His poems, originally written in his native Spanish, work to convey nebulous ideas through tangible phrases and concepts. Sensuality and love are turned from vague, intangible feelings into palpable motifs visible in real life. Under Neruda’s pen, the Chilean countryside is inextricably linked to the physicality and emotionality of the Chilean people.

The evocative strength of his poetry lies in his ability to condense amorphous feelings to the simple yet universal truths behind them. In drawing comparisons between the reliable cycles of nature and the metamorphic, often volatile intricacies of human sentiment, Neruda lends a sense of regularity and recognisability to popular poetic subjects that could so easily be treated with melodrama and hyperbole.

In an article for The New Yorker, journalist Mark Strand describes an excerpt from Neruda’s first major work, Twenty Love Poems and a Song of Despair, by remarking on “the naturalness of these lines, their exuberant and youthful melancholy, their casual repetitions, their overall simplicity”.

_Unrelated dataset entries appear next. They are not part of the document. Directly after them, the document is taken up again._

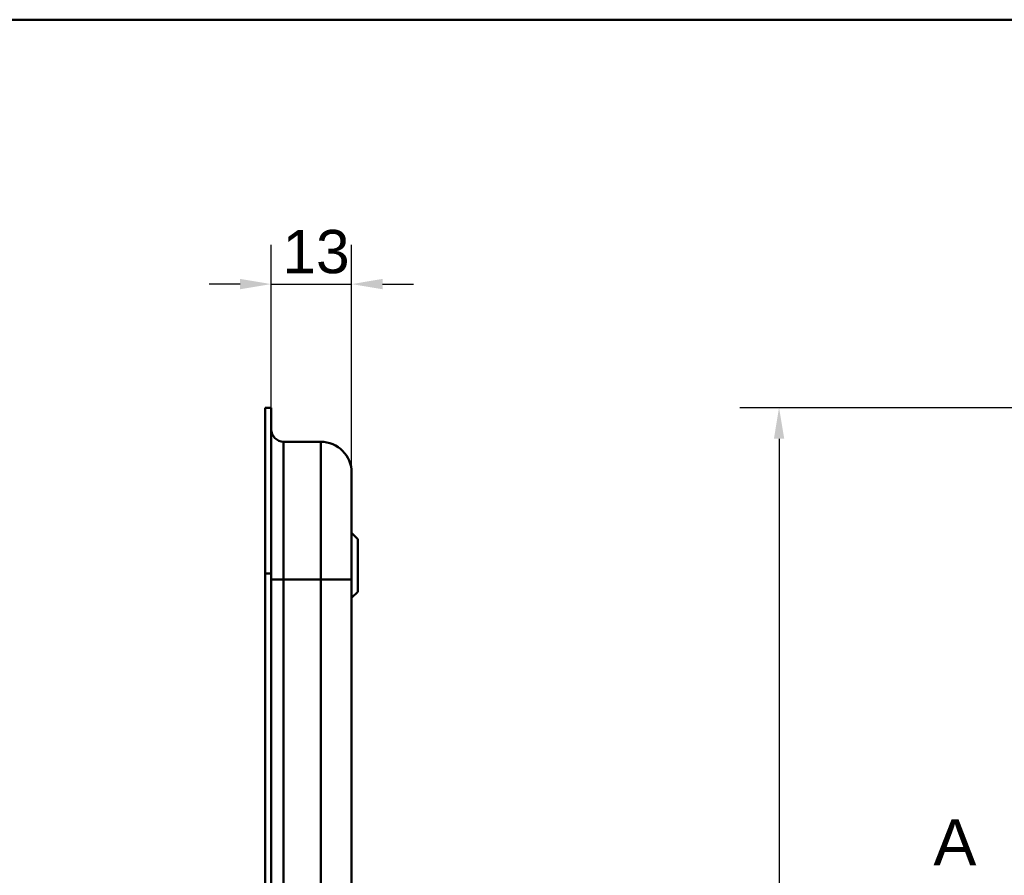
# Model space of a CAD drawing. Header units: millimetres. Extents: x 20 to 833, y 20 to 574.
# Tile 17 of 20: x 380 to 539, y 436 to 574. Entities that reach past the tile are written whole.
import ezdxf

# ---------------------------------------------------------------- set-up
doc = ezdxf.new("R2010")
doc.units = ezdxf.units.MM
doc.header["$LTSCALE"] = 2
for name, color, linetype, lineweight in [('Bemaßungen(DIN)', 7, 'Continuous', 25), ('Schnittansichtslinien(DIN)', 7, 'Continuous', 70), ('Sichtbare Kanten(DIN)', 7, 'Continuous', 50), ('Sichtbare tangentiale Kanten(DIN)', 7, 'Continuous', 50), ('Skizziergeometrie(DIN)', 7, 'Continuous', 50)]:
    doc.layers.add(name, color=color, linetype=linetype, lineweight=lineweight)
doc.styles.add('Aktuell-DINGroßer Text', font='arial.ttf')
doc.styles.add('STANDARD-DIN~0', font='arial.ttf')
doc.dimstyles.new('CAD-LAN', dxfattribs={"dimscale": 2, "dimtxt": 3.5, "dimasz": 2.5, "dimexe": 3.175, "dimexo": 0, "dimgap": 0.8, "dimtad": 1, "dimrnd": 1e-08, "dimtxsty": 'STANDARD-DIN~0', "dimcen": 0.09, "dimdle": 10, "dimclrd": 250, "dimclre": 250, "dimclrt": 250, "dimadec": 0, "dimazin": 2, "dimtfac": 1, "dimtmove": 0, "dimatfit": 3, "dimfxl": 1, "dimtolj": 1, "dimtzin": 0, "dimlwd": 25, "dimlwe": 25, "dimarcsym": 0})

# ---------------------------------------------------------------- blocks, each defined once
blk = doc.blocks.new('Ränder Standardrahmen')
at = {"layer": 'Skizziergeometrie(DIN)', "flags": 128}
blk.add_lwpolyline([(10, 10), (10, 287), (410, 287), (410, 10), (10, 10)], dxfattribs=at)
blk = doc.blocks.new('*D19')
at = {"layer": 'Bemaßungen(DIN)', "color": 250, "linetype": 'Continuous', "lineweight": 25, "true_color": 0x3f3f3f, "transparency": 16777216}
for p, q in [((420.48, 511.24), (420.48, 537.59)), ((433.51, 500.74), (433.51, 537.59)), ((415.48, 531.24), (410.48, 531.24)), ((420.48, 531.24), (433.51, 531.24)), ((438.51, 531.24), (443.51, 531.24))]:
    blk.add_line(p, q, dxfattribs=at)
at = {"layer": 'Bemaßungen(DIN)', "color": 250, "linetype": 'Continuous', "true_color": 0x3f3f3f, "transparency": 16777216}
for points in [[(415.48, 532.08), (415.48, 530.41), (420.48, 531.24)], [(438.51, 532.08), (438.51, 530.41), (433.51, 531.24)]]:
    blk.add_solid(points, dxfattribs=at)
at = {"layer": 'Defpoints', "color": 0, "linetype": 'Continuous', "transparency": 16777216}
for p in [(433.51, 531.24), (420.48, 511.24), (433.51, 500.74)]:
    blk.add_point(p, dxfattribs=at)
at = {"layer": 'Bemaßungen(DIN)', "color": 250, "linetype": 'Continuous', "lineweight": 25, "true_color": 0x3f3f3f, "transparency": 16777216, "insert": (422.31, 540), "char_height": 7, "attachment_point": 1, "style": 'STANDARD-DIN~0'}
blk.add_mtext('\\A1;13', dxfattribs=at)
blk = doc.blocks.new('*D21')
at = {"layer": 'Bemaßungen(DIN)', "color": 250, "linetype": 'Continuous', "lineweight": 25, "true_color": 0x3f3f3f, "transparency": 16777216}
for p, q in [((570.63, 511.24), (496.28, 511.24)), ((502.63, 506.24), (502.63, 271.24)), ((570.63, 266.24), (496.28, 266.24))]:
    blk.add_line(p, q, dxfattribs=at)
at = {"layer": 'Bemaßungen(DIN)', "color": 250, "linetype": 'Continuous', "true_color": 0x3f3f3f, "transparency": 16777216}
for points in [[(501.8, 506.24), (503.47, 506.24), (502.63, 511.24)], [(501.8, 271.24), (503.47, 271.24), (502.63, 266.24)]]:
    blk.add_solid(points, dxfattribs=at)
at = {"layer": 'Defpoints', "color": 0, "linetype": 'Continuous', "transparency": 16777216}
for p in [(570.63, 511.24), (502.63, 266.24), (570.63, 266.24)]:
    blk.add_point(p, dxfattribs=at)
at = {"layer": 'Bemaßungen(DIN)', "color": 250, "linetype": 'Continuous', "lineweight": 25, "true_color": 0x3f3f3f, "transparency": 16777216, "insert": (493.88, 380.92), "char_height": 7, "attachment_point": 1, "rotation": 90, "style": 'STANDARD-DIN~0'}
blk.add_mtext('\\A1;245', dxfattribs=at)
blk = doc.blocks.new('2DTransSchnitt0')
at = {"layer": 'Schnittansichtslinien(DIN)', "insert": (263.795, 218.619), "char_height": 3.734, "attachment_point": 7, "style": 'Aktuell-DINGroßer Text'}
blk.add_mtext('A', dxfattribs=at)

msp = doc.modelspace()

# ---------------------------------------------------------------- linework, layer by layer
at = {"layer": 'Sichtbare Kanten(DIN)'}
for p, q in [((419.51, 484.459), (419.51, 511.243)), ((419.51, 511.243), (420.48, 511.243)), ((420.48, 511.243), (420.48, 484.459)), ((420.51, 510.243), (420.48, 510.243)), ((420.51, 510.243), (420.51, 484.459)), ((422.51, 505.743), (428.51, 505.743)), ((434.51, 489.993), (433.51, 490.993)), ((434.51, 489.993), (434.51, 481.493)), ((419.51, 293.027), (419.51, 484.459)), ((420.48, 484.459), (420.48, 293.027)), ((420.51, 484.459), (420.51, 293.027)), ((433.51, 294.027), (433.51, 483.459)), ((434.51, 481.493), (433.51, 480.493))]:
    msp.add_line(p, q, dxfattribs=at)
for points in [[(420.51, 507.743), (420.51, 506.638), (421.405, 505.743), (422.51, 505.743)], [(428.51, 505.743), (431.271, 505.743), (433.51, 503.504), (433.51, 500.743)]]:
    msp.add_open_spline(points, degree=3, dxfattribs=at)
msp.add_open_spline([(433.51, 483.459), (433.51, 483.7), (433.51, 483.94), (433.51, 484.181), (433.51, 484.329), (433.51, 484.477), (433.51, 484.624), (433.51, 484.698), (433.51, 484.772), (433.51, 484.846), (433.51, 484.92), (433.51, 484.993), (433.51, 485.067), (433.51, 485.141), (433.51, 485.215), (433.51, 485.289), (433.51, 485.601), (433.51, 485.915), (433.51, 486.234), (433.51, 486.546), (433.51, 486.848), (433.51, 487.16), (433.51, 487.167), (433.51, 487.174), (433.51, 487.182), (433.51, 487.808), (433.51, 488.41), (433.51, 489.008), (433.51, 489.017), (433.51, 489.025), (433.51, 489.034), (433.51, 489.628), (433.51, 490.22), (433.51, 490.8), (433.51, 490.804), (433.51, 490.808), (433.51, 490.812), (433.51, 491.393), (433.51, 491.966), (433.51, 492.518), (433.51, 493.071), (433.51, 493.61), (433.51, 494.123), (433.51, 494.638), (433.51, 495.132), (433.51, 495.596), (433.51, 496.062), (433.51, 496.502), (433.51, 496.908), (433.51, 497.315), (433.51, 497.691), (433.51, 498.031), (433.51, 498.373), (433.51, 498.681), (433.51, 498.953), (433.51, 499.225), (433.51, 499.463), (433.51, 499.665), (433.51, 499.666), (433.51, 499.668), (433.51, 499.669), (433.51, 499.869), (433.51, 500.036), (433.51, 500.172), (433.51, 500.174), (433.51, 500.175), (433.51, 500.176), (433.51, 500.31), (433.51, 500.414), (433.51, 500.494), (433.51, 500.495), (433.51, 500.496), (433.51, 500.497), (433.51, 500.575), (433.51, 500.63), (433.51, 500.667), (433.51, 500.668), (433.51, 500.668), (433.51, 500.669), (433.51, 500.687), (433.51, 500.7), (433.51, 500.711), (433.51, 500.722), (433.51, 500.729), (433.51, 500.734), (433.51, 500.742), (433.51, 500.743), (433.51, 500.743)], degree=3, knots=[0, 0, 0, 0, 0.0722627, 0.0722627, 0.0722627, 0.1165652, 0.1165652, 0.1165652, 0.1387165, 0.1387165, 0.1387165, 0.1608678, 0.1608678, 0.1608678, 0.1830113, 0.1830113, 0.1830113, 0.2766978, 0.2766978, 0.2766978, 0.3682092, 0.3682092, 0.3682092, 0.3703765, 0.3703765, 0.3703765, 0.5540731, 0.5540731, 0.5540731, 0.5567136, 0.5567136, 0.5567136, 0.7394778, 0.7394778, 0.7394778, 0.740823, 0.740823, 0.740823, 0.9239034, 0.9239034, 0.9239034, 1.1070524, 1.1070524, 1.1070524, 1.2909149, 1.2909149, 1.2909149, 1.4756704, 1.4756704, 1.4756704, 1.6608948, 1.6608948, 1.6608948, 1.8466108, 1.8466108, 1.8466108, 2.032785, 2.032785, 2.032785, 2.0338644, 2.0338644, 2.0338644, 2.2185007, 2.2185007, 2.2185007, 2.220125, 2.220125, 2.220125, 2.4027992, 2.4027992, 2.4027992, 2.4055271, 2.4055271, 2.4055271, 2.5869644, 2.5869644, 2.5869644, 2.5890782, 2.5890782, 2.5890782, 2.6793139, 2.6793139, 2.6793139, 2.7720228, 2.7720228, 2.7720228, 2.9310826, 2.9310826, 2.9310826, 2.9310826], dxfattribs=at)
at = {"layer": 'Sichtbare tangentiale Kanten(DIN)'}
for p, q in [((422.51, 505.743), (422.51, 483.459)), ((428.51, 483.459), (428.51, 505.743)), ((419.51, 484.459), (420.48, 484.459)), ((420.48, 484.459), (420.51, 484.459)), ((422.51, 483.459), (422.51, 294.027)), ((428.51, 483.459), (422.51, 483.459)), ((428.51, 294.027), (428.51, 483.459))]:
    msp.add_line(p, q, dxfattribs=at)
for points in [[(420.51, 483.459), (420.51, 483.459), (421.405, 483.459), (422.51, 483.459)], [(428.51, 483.459), (431.271, 483.459), (433.51, 483.459), (433.51, 483.459)]]:
    msp.add_open_spline(points, degree=3, dxfattribs=at)

# ---------------------------------------------------------------- block references
at = {"xscale": 2, "yscale": 2, "zscale": 2}
msp.add_blockref('Ränder Standardrahmen', (0, 0), dxfattribs=at)
at = {"layer": 'Schnittansichtslinien(DIN)', "xscale": 2, "yscale": 2, "zscale": 2}
msp.add_blockref('2DTransSchnitt0', (0, 0), dxfattribs=at)

# ---------------------------------------------------------------- dimensions: what is measured, and where the dimension line sits
at = {"layer": 'Bemaßungen(DIN)', "color": 250, "linetype": 'Continuous', "lineweight": 25, "true_color": 0x3f3f3f}
for base, p1, p2, angle, override, picture, middle in [((433.51, 531.243), (420.48, 511.243), (433.51, 500.743), 180, {"dimgap": 0.8, "dimdec": 0, "dimtol": 0, "dimlim": 0, "dimtp": 0, "dimtm": 0, "dimtdec": 2, "dimtofl": 1, "dimatfit": 1}, '*D19', (426.995, 531.243)), ((502.633, 266.243), (570.633, 511.243), (570.633, 266.243), 90, {"dimgap": 0.8, "dimdec": 2, "dimtol": 0, "dimlim": 0, "dimtp": 0, "dimtm": 0, "dimtdec": 2, "dimtofl": 0, "dimatfit": 1}, '*D21', (502.633, 388.743))]:
    dim = msp.add_linear_dim(base=base, p1=p1, p2=p2, angle=angle, dimstyle='CAD-LAN', override=override, dxfattribs=at)
    dim.commit()
    dim.dimension.update_dxf_attribs({"geometry": picture, "text_midpoint": middle, "dimtype": 160})

doc.saveas('drawing.dxf')

The poem is this: “Tonight I can write the saddest lines. / Write, for example, ‘The night is starry and the stars are blue and shiver in the distance.’ / The night wind revolves in the sky and sings. / Tonight I can write the saddest lines. I loved her, and sometimes she loved me too. / Through nights like this one I held her in my arms. I kissed her again and again under the endless sky. She loved me, sometimes I loved her too. How could one not have loved her great still eyes. / Tonight I can write the saddest lines. To think that I do not have her. To feel that I have lost her”

Pablo Neruda’s singular appeal, in short, stems from his understanding of the sensuosity of simplicity. He does not rely on depictions of grandiosity, or attempt to encapsulate sweeping human experiences in their irrevocable, unattainable fullness. Instead, he chooses to emphasise the smaller, often unnoticed, patterns and connections underpinning our emotions. This renders them accessible and palpable to the reader in an unexpectedly intimate way.

Neither of his two most common subjects, love and the Chilean landscape, is treated with the broad-reaching brushstrokes one might expect. Neruda masters the art of conveying their extraordinariness by demonstrating their predictability – their regular patterns. The unpretentious clarity and straightforward parallelism which sculpts a line like “I love you without knowing how, or when, or from where” is what gives Neruda’s work its potent, omnipresent sense of ecstasy.

Neruda revels in the unchanging truth that certain experiences are near-universal, and in celebrating this universality through such touchable, recognisable means he allows his readers to revel alongside him.